This trend has coincided with the publishing of pieces in this newspaper by those disaffected with or alienated by the Greek life establishment, as well as the emergence of competing and dynamic institutions. They may not yet be the majority, but they are a growing plurality.
While the Minerva system has failed to produce substantial competition to the Greek system as Roger Hull had intended, Theme Houses and alternative Greek life organizations have also emerged, and have acted as a magnet to those disaffected by the current Greek life establishment. It is also worth mentioning that Minervas continue to draw on independents that seek to make and establish alternative communities for themselves.
An increasing number of men and women alike are choosing to remain unbound by what they view as social privilege, rigid gender norms and potential alienation from their peers, by joining these new institutions or remaining independent altogether.
Defenders of the Greek life establishment will undoubtedly say that not all those involved in Greek life are homogenous and that their peer groups are diverse, mutually fulfilling and include Greeks and non-Greeks alike.
However, they fail to see what the view is like from the outside looking in, particularly when one is in line in front of a fraternity on Saturday night.
In the short-term future, that perception won’t stop most first years from frequenting their parties, but it also will not stop the long-term downward trend of mainstream Greek life should its members, present and future alike, ignore the changes that are currently in motion.
So what will the future look like? In short, the administration is going to keep pushing for change, little by little. Let me clarify that I do not think there is a covert conspiracy against the Greek life establishment, which is in a sense socially (and, for what it’s worth, politically) conservative; instead I believe that there is a robust desire for change and reform within the administration, whose values, along with those of most faculty members, are more fundamentally progressive.

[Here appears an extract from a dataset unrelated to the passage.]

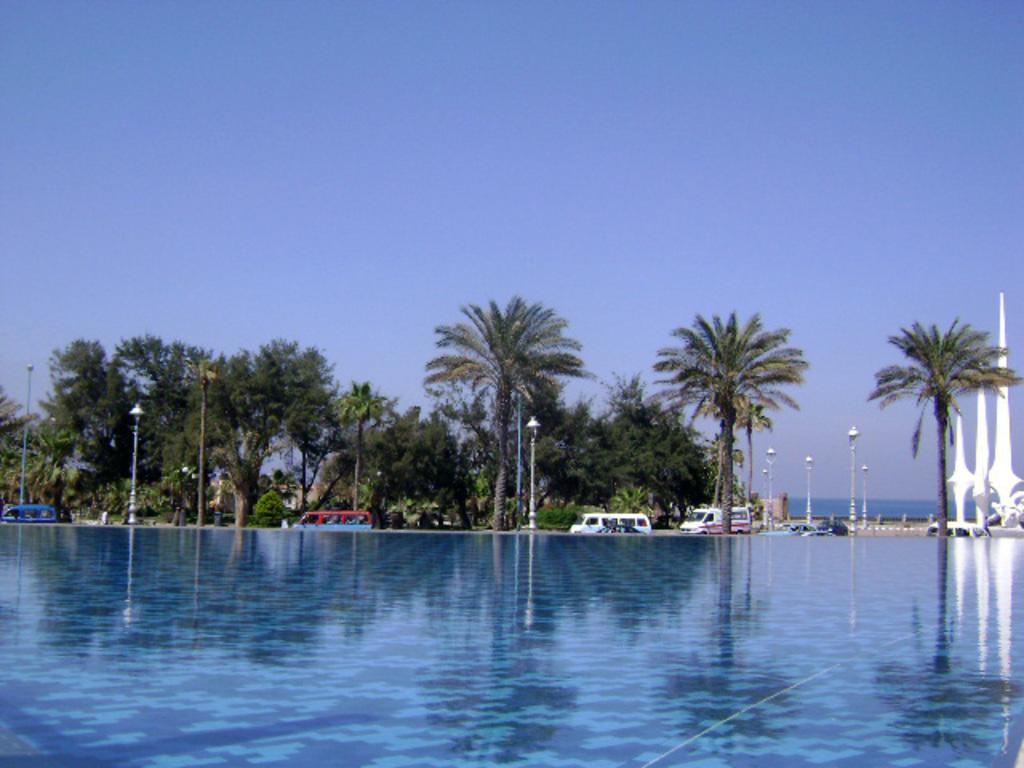In one or two sentences, can you explain what this image depicts? In this image, there is an outside view. There are some trees and vehicles in the middle of the image. In the background of the image, there is a sky. 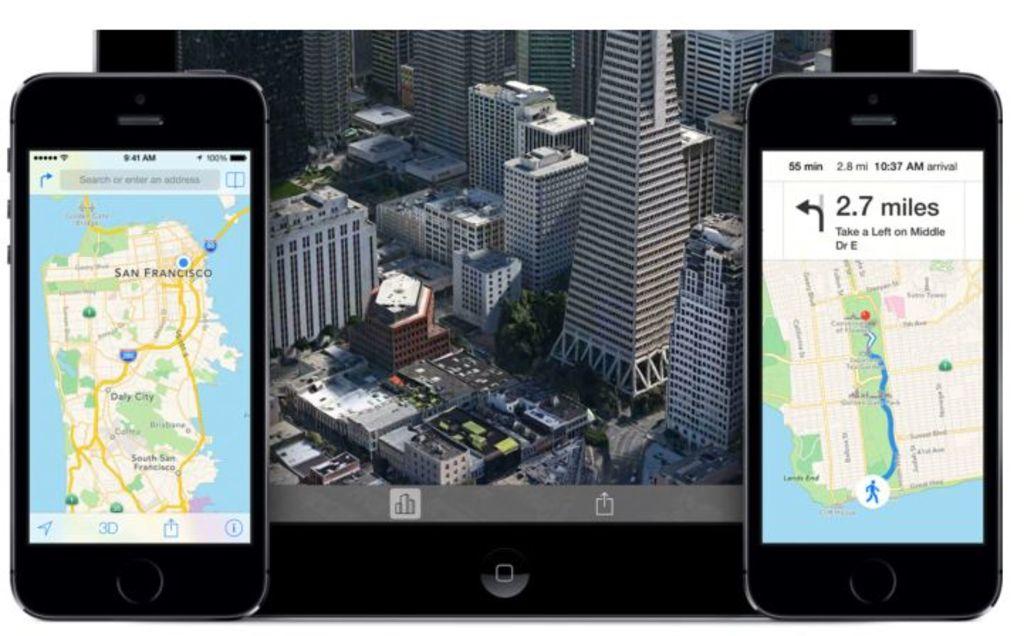How many miles does the phone mention?
Offer a very short reply. 2.7. What time is it on the left phone?
Your answer should be very brief. Unanswerable.

In my opinion, the reason the administration has not and probably will not introduce policies like that of Trinity College in the immediate future is because the school, quite simply, needs donations from alumni, many of whom were involved in Greek life as undergraduates. Despite those impediments, I think that they want to maintain and enhance the school’s image and mitigate what they most likely perceive as factories of liability and bad publicity.
So as parties get harder and harder to throw on campus, they will increasingly occur off campus, where students will be at the mercy of local police, not just college deans and administrators.
At the same time, the college administration will continue to encourage the proliferation of Theme Houses, Minervas and alternative Greek life institutions, thereby depriving mainstream Greek life institutions of new members and pushing the remaining ones off campus. This has begun to happen in a subtle fashion. Keep in mind that a little more than a generation ago, the spaces that now are occupied by Minervas were Greek houses.
Can the Greek life establishment change or reform? Certainly, but such an adjustment will undoubtedly mean that the Greek life establishment will have to shape itself in a new design. And as I have said, I doubt they are compatible the way they are now.
Although Greek men can ‘walk a mile in her shoes,’ they cannot see the world through ‘her’ eyes, particularly during the fog of inebriation that engulfs the campus on most Friday and Saturday nights.
I also mean to convey that primarily drunk men can’t continue to seek social capital at women’s expense on an organizational and systemic level forever. Something’s got to give.
And something is giving. The phenomenal growth of certain MGC institutions is evidence enough of how Union is beginning to see the emergence of competing institutions that focus primarily on philanthropy, sustainable relationships and group dynamics, self-cultivation and self-improvement — and secondarily on throwing the next party.
The Greek life establishment already does the former, but it has to do them better and it has to really mean it.
In essence, the challenge that Greek life must meet is to think of the long term, not just the next round of beer pong —otherwise they risk being cast into the ash heap of history.
I’m certain of this just as I am certain there will be ad hominem attacks on me or this publication in the comments section of this article.